From one to many: Account sprawl
With an email and a credit card anyone can sign up for AWS. And everyone did to the point that, if you are part of the team managing the AWS infrastructure at your organization, you’ve had to wrestle with this for some time now. Multiple accounts, even when you have assembled the definitive list of what’s in use by your colleagues, create complexity in many areas: billing, compliance, security. It is through the lens of security that we are looking at managing multiple accounts, with the hope to provide a pattern that you can apply or tweak to your own case.
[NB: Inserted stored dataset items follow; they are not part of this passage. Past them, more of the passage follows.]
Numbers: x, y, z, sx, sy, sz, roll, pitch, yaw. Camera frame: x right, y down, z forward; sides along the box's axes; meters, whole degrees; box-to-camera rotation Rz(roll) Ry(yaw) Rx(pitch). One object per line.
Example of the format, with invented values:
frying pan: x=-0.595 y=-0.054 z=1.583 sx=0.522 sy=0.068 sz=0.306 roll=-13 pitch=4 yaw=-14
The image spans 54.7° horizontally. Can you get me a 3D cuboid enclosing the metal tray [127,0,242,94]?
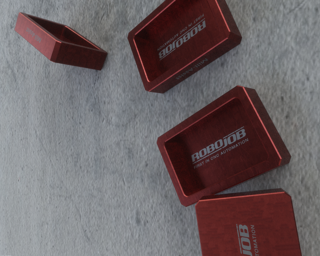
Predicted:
metal tray: x=0.024 y=-0.111 z=0.380 sx=0.130 sy=0.030 sz=0.090 roll=-29 pitch=72 yaw=35

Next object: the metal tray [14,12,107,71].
metal tray: x=-0.156 y=-0.136 z=0.488 sx=0.130 sy=0.091 sz=0.030 roll=38 pitch=113 yaw=33

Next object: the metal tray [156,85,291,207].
metal tray: x=0.064 y=0.024 z=0.347 sx=0.130 sy=0.030 sz=0.090 roll=-34 pitch=69 yaw=34

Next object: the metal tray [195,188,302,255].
metal tray: x=0.090 y=0.130 z=0.304 sx=0.090 sy=0.030 sz=0.129 roll=-9 pitch=84 yaw=14
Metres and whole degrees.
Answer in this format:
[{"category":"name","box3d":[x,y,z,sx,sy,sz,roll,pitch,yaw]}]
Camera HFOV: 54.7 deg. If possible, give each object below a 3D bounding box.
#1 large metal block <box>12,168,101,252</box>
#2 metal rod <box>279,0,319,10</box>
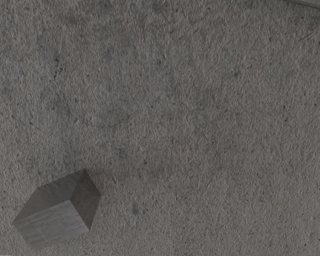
[{"category":"large metal block","box3d":[-0.134,0.108,0.419,0.080,0.080,0.050,-23,109,8]},{"category":"metal rod","box3d":[0.106,-0.166,0.349,0.302,0.025,0.025,11,110,-5]}]
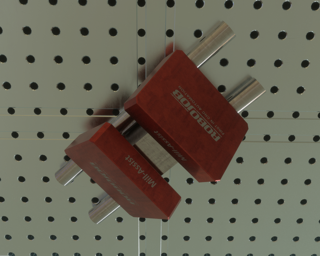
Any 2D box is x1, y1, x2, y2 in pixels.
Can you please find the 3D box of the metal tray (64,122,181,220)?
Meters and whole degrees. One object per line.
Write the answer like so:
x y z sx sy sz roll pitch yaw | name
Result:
-0.046 0.057 0.376 0.130 0.030 0.090 48 146 -16 | metal tray

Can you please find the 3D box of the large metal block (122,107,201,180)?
0.001 0.011 0.388 0.080 0.080 0.050 -40 106 13 | large metal block

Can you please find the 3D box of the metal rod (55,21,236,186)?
-0.028 -0.024 0.404 0.300 0.025 0.025 -41 106 13 | metal rod

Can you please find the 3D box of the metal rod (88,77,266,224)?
0.015 0.038 0.428 0.300 0.025 0.025 -40 106 13 | metal rod

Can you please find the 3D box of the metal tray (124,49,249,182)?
0.035 -0.012 0.351 0.130 0.030 0.090 45 60 -15 | metal tray
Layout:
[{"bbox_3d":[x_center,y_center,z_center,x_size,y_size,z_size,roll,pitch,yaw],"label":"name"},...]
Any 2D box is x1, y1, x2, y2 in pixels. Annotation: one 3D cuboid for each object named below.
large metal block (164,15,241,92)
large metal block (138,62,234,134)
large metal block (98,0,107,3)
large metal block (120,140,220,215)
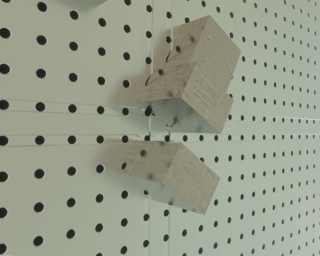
[{"bbox_3d":[0.063,-0.098,0.444,0.080,0.050,0.080,35,68,-34],"label":"large metal block"},{"bbox_3d":[0.033,-0.035,0.400,0.080,0.080,0.050,38,67,-34],"label":"large metal block"},{"bbox_3d":[-0.075,-0.196,0.329,0.080,0.050,0.080,18,79,-39],"label":"large metal block"},{"bbox_3d":[0.013,0.059,0.383,0.080,0.080,0.050,42,65,-32],"label":"large metal block"}]

The benefits of multiple AWS Accounts
While having multiple AWS accounts adds operational complexity, especially when they are managed in an ad hoc way, the principle is defensible from a security standpoint. This model offers multiple natural security boundaries and isolation between your workloads.
- At the network level, accounts are isolated from one another unless their VPCs are explicitly peered.
- At the API level, a compromised account has by default no access to other accounts, unless, again, API calls have been explicitly allowed with role delegation.
- At the compute level, if one account gets turned into a bitcoin-mining field, billing alerts or careful CloudTrail monitoring will alert you right away. And you can set per-account spend limits that make taking over a limited account, a much less palatable target.
From a security standpoint all of this is appealing, which leads to the question: how to make it work without adding significant overhead with each new account that is added to the mix.
Caveat lector: what’s about to be presented will only work with up to 10 different accounts, based on current limitations in IAM groups. It will thus apply to production environments much more so than to development environments—especially if every single developer gets her own account.
The qualities of a secure and usable setup
There is plenty of detailed documentation on AWS Identity and Access Management (IAM), but very limited guidance on how to put everything together. The AWS IAM best practices documentation only covers very general topics e.g. “never have root API credentials” so they are good guidelines but not enough to come up with a design.
To help come up with a solution, we are spelling out a number of requirements which we will then figure out how to implement.
- IAM users can only exist in one account.
- By default IAM users have very limited API access to any account.
- Access to privileged API calls requires a user to assume a role in the target account.
- To assume a role, a user needs an active Multi-factor Authentication (MFA) with a limited time-to-live.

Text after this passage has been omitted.